Although the idea that tremor-generating neural drive in PD is inherently distributed to multiple muscles has received some support (21, 22), there has been less effort to identify the particular muscles/tasks in which an intermuscular action tremor is most reliably evoked and detected. So far, an amplified intermuscular coherence within the alpha-band has been reported only for static tasks such as isometric knee extension (11) or across two sides of a puckered upper lip (7). However, the alpha-band drive underlying action tremor in PD is best observed during dynamic actions (1, 4), where additional neural control circuitry may be required (64). Also, previous findings have described amplified coherence across anatomically synergistic muscles which naturally share a substantial amount of their neural drive (17). This makes it difficult to disambiguate changes in overall signal strength from an effect of PD on the process of “binding” of muscles into functional synergies through neural synchronization (65). Our results seem to suggest that a natural intermuscular alpha-band drive is amplified in PD. Further, the modification of this drive across different tasks is preserved, indicating that the amplification is not especially task-specific. This may indicate that the neural circuit which distributes alpha-band drive across muscles is still functional, even if overdriven.
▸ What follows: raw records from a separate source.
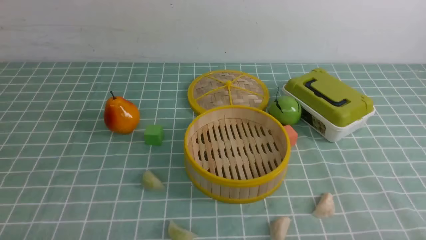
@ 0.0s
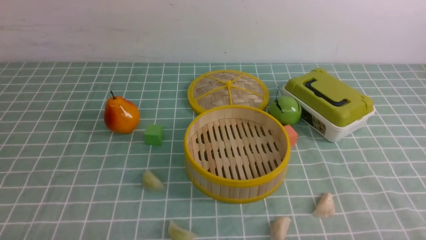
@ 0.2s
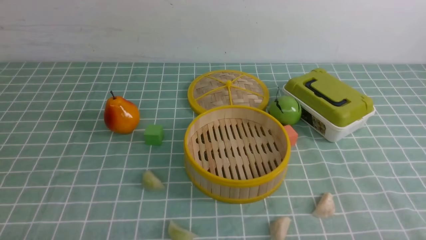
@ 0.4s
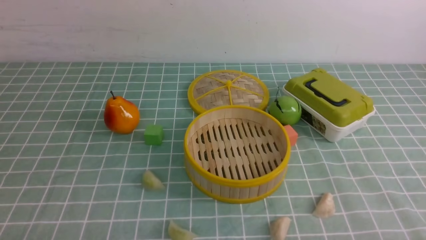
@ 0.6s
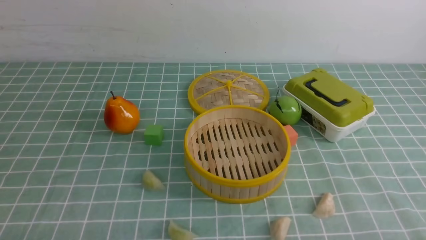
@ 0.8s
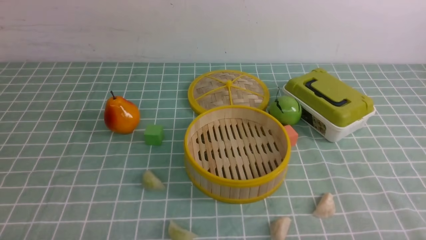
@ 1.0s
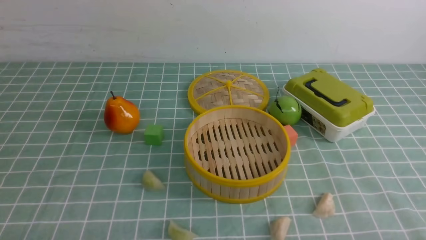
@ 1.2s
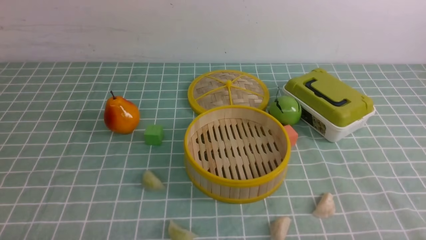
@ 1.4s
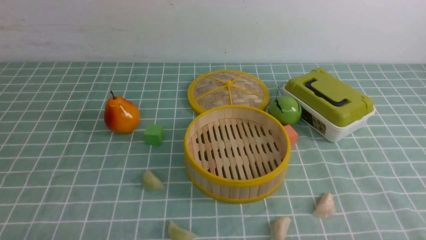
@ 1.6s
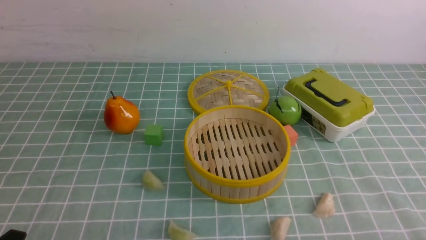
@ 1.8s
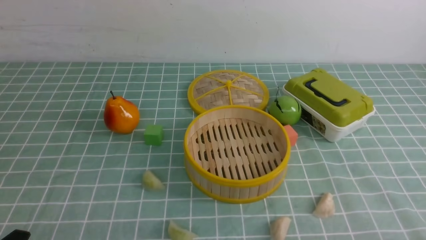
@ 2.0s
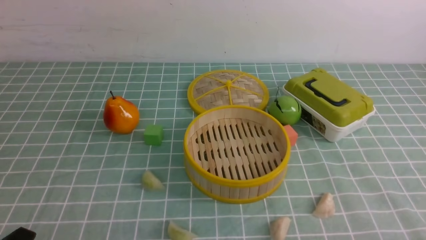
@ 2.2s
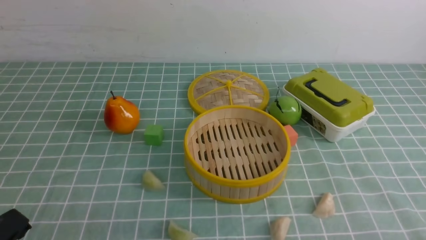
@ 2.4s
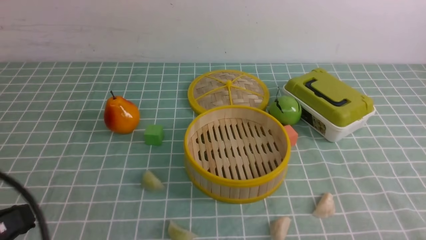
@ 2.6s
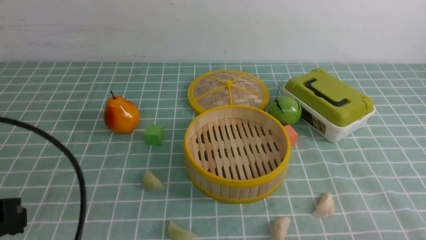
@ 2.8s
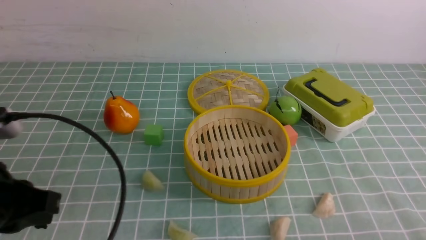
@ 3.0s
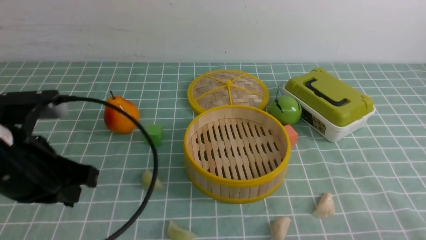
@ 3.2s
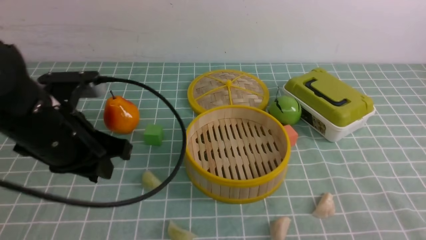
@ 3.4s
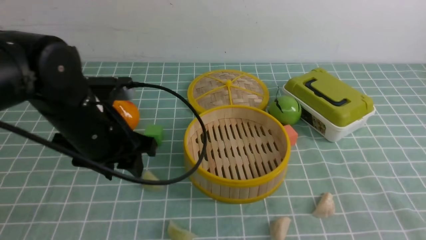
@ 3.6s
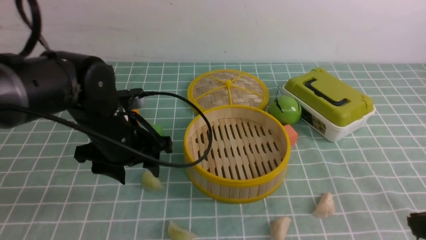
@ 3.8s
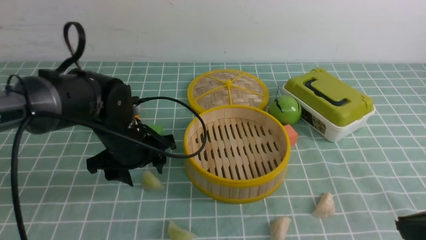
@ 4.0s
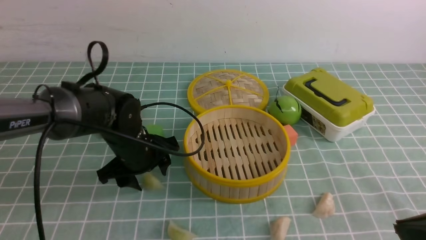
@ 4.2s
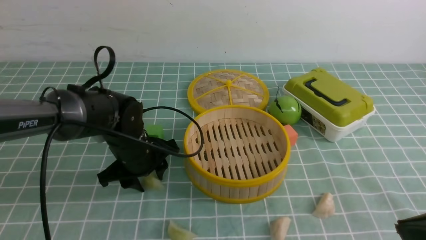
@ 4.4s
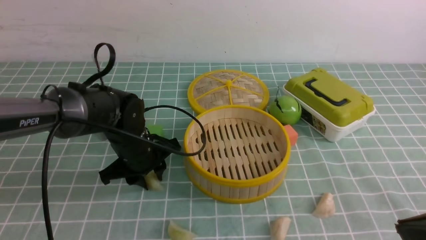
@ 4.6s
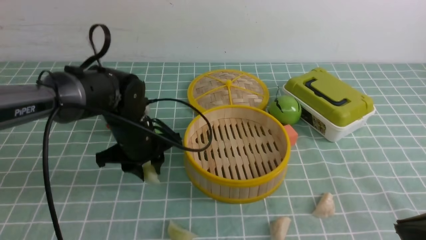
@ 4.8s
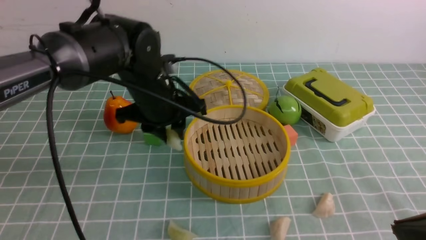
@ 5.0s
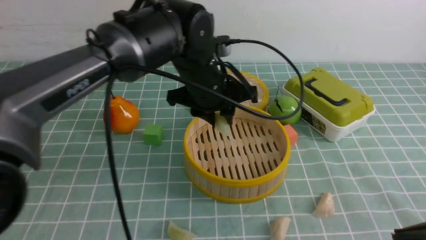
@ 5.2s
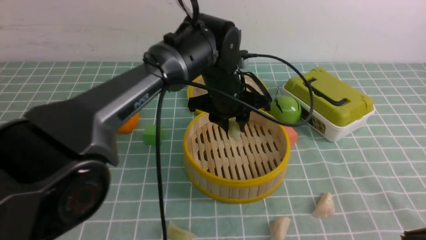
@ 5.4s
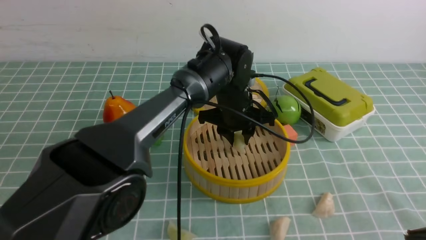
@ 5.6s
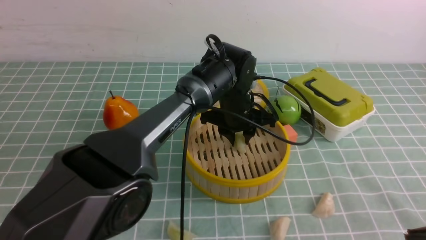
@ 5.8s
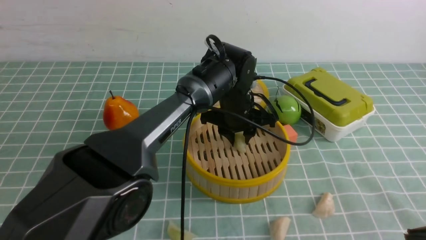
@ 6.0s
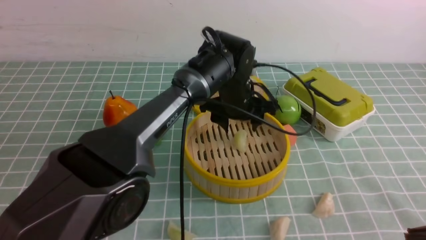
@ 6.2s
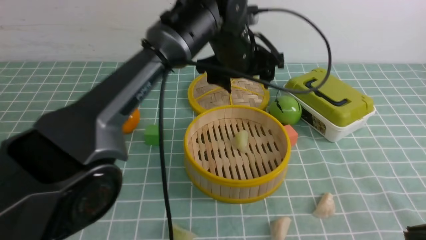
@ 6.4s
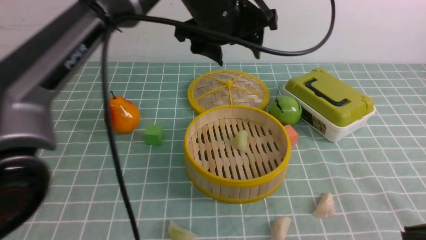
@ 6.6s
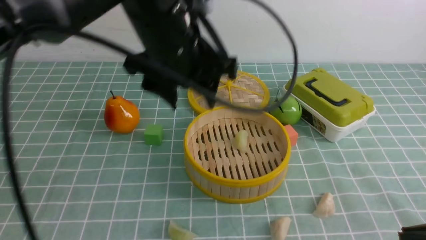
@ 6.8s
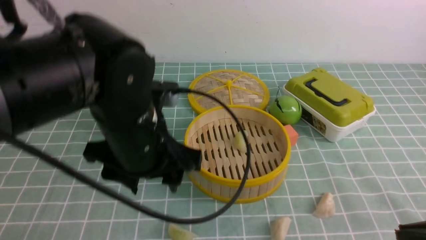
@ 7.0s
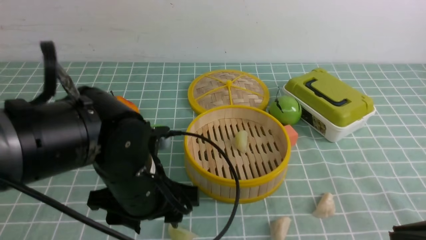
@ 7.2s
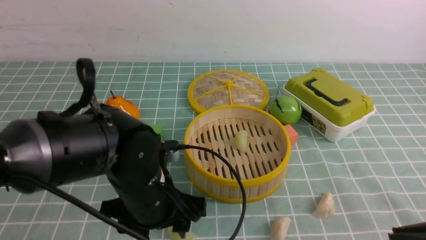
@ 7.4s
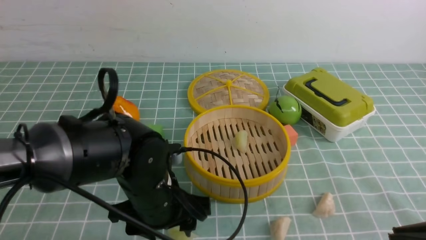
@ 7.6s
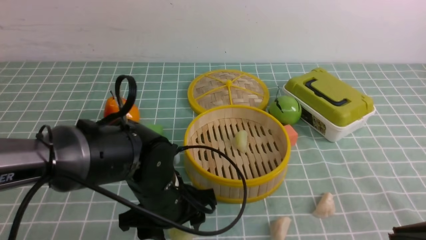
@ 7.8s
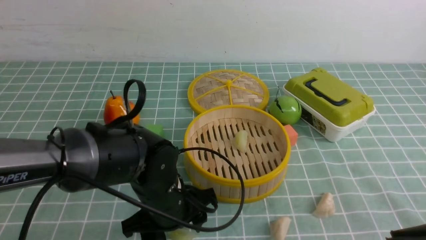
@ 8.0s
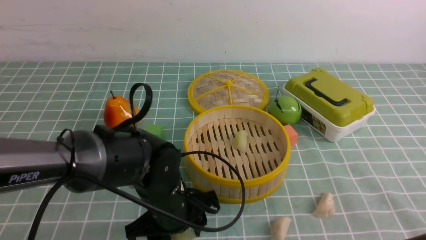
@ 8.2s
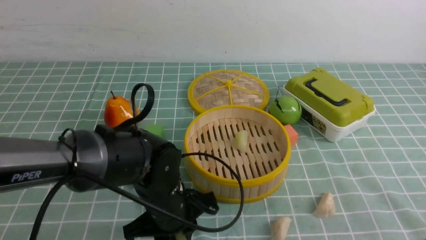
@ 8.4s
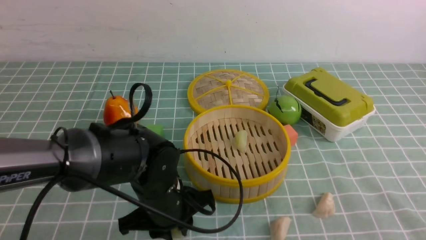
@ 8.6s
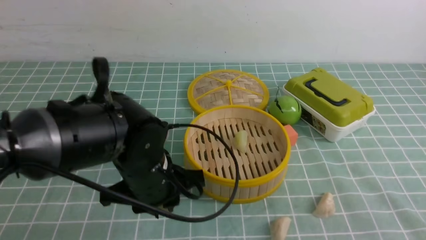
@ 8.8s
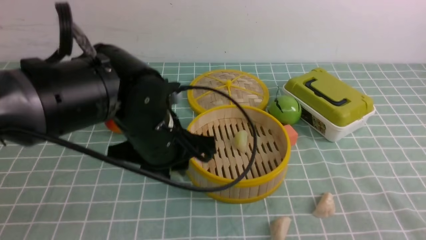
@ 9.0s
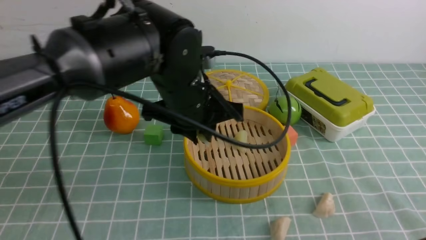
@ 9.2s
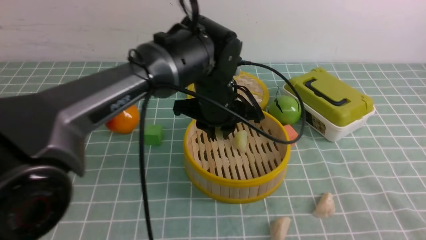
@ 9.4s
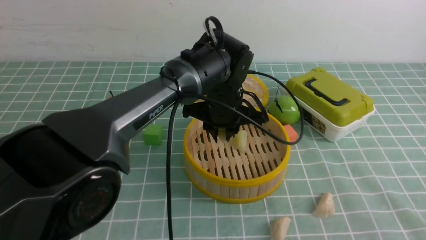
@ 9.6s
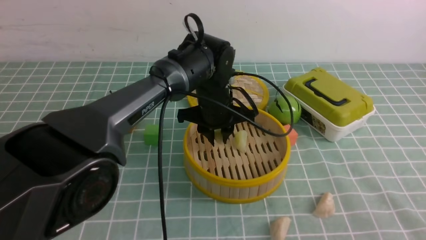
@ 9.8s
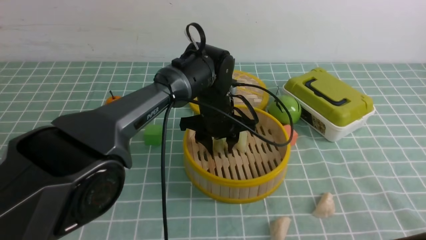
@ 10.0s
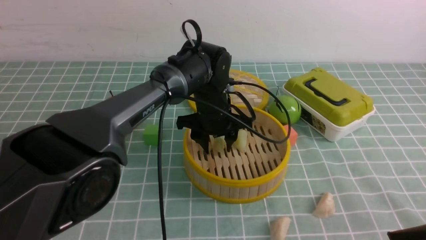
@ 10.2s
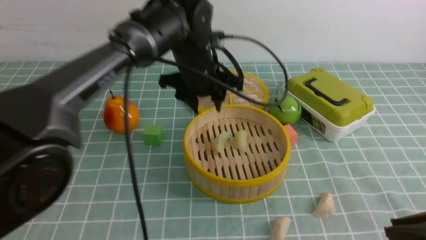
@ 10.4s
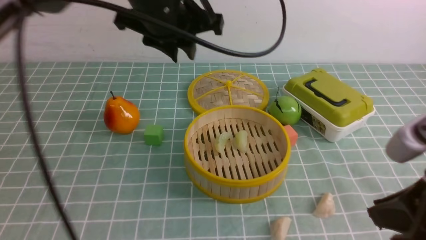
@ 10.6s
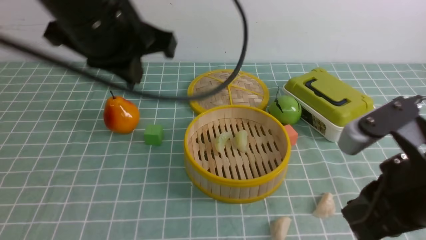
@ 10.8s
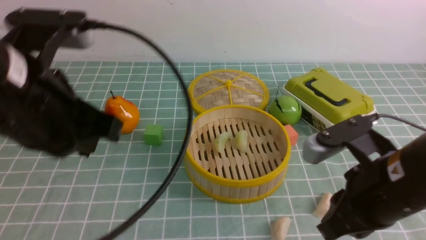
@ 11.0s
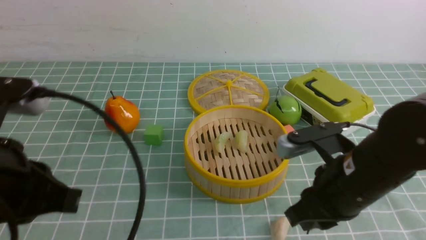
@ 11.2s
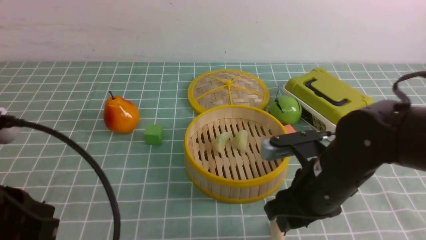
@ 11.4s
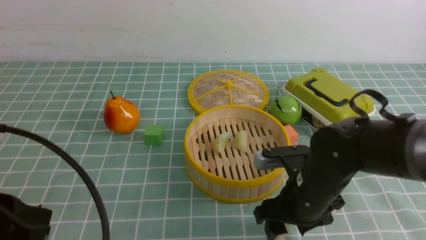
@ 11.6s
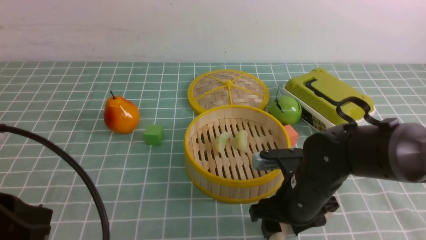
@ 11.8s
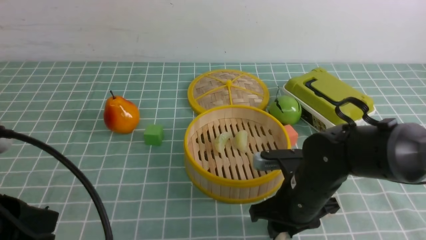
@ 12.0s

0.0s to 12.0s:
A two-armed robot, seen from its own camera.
Task of the whole recording: put the dumplings into the steamer on the table with the blue tablecloth.
Step, 0.0s to 4.8s: use the left arm to grab a dumpling.
Step, 5.0s to 6.0s: use the left arm to put the dumpling into the steamer.
Step, 6.2s to 9.0s: use the left arm to grab a dumpling.
Step, 9.2s to 10.2s: use the left arm to put the dumpling into the steamer.
1.6s to 3.0s: The left gripper heads upward and forward, covering approximately 15 cm, and closes up.
3.0s to 4.4s: The left gripper shifts roughly 25 cm forward, downward and to the right, and opens up. The right gripper heads upward and forward, covering about 15 cm, and closes its fingers.
4.4s to 6.0s: The left gripper goes roughly 20 cm to the right and forward.
6.0s to 7.6s: The left gripper goes roughly 20 cm backward and to the left.
7.6s to 9.0s: The left gripper goes some 10 cm upward, and closes.
9.0s to 10.4s: The left gripper heads forward, covering some 10 cm.
10.4s to 12.0s: The right gripper goes approximately 25 cm forward, downward and to the left, and opens up. The left gripper travels backward and to the left by approximately 35 cm, and closes its fingers.

Neural Origins of Parkinsonian Kinetic Action Tremor
Action tremor has been described as an amplification of naturally present physiological tremor rather than something that exclusively emerges in PD (4, 60); a notion that is well-aligned with our current data. Because the origins of physiological tremor are likely multifactorial (27–36), the effects of PD on each potential source of alpha-band neural drive to muscles must be considered. There are at least four potential sources for alpha-band neural drive in healthy individuals, and they are not mutually exclusive: (1) the stretch reflex system, (2) the motor cortex, (3) the brainstem (specifically reticulospinal output), and (4) the cerebellum (via the cerebello-thalamo-cortical circuit). We favor the latter, according to the following rationale.
If alpha-band drive is measured within the output of a single muscle, it may simply reflect cycles of excitation around the monosynaptic Ia afferent reflex loop of that muscle (27, 33, 34, 58, 66). However, this mechanism would not easily explain coherent ~10 Hz activity across different muscles, which can be observed even between muscles in different hands in healthy adults (32, 38). Mechanical coupling among muscles may serve to link afferent feedback without need for monosynaptic connectivity, and a potential role for spinal interneuron pools in coordinating afferent activity across multiple muscles cannot be ruled out, but to our knowledge, there is no evidence that either mechanism could explain the generation of intermuscular coherence between the FDI and APB within the context of our task. Also, an origin in the peripheral reflex system would imply that stretch reflex or H-reflex amplitudes should be elevated in PD, which is not the case (67, 68). PD can, in some cases, disrupt task-dependent stretch reflex modulation (68), suggesting upstream mismanagement rather than pure peripheral dysfunction.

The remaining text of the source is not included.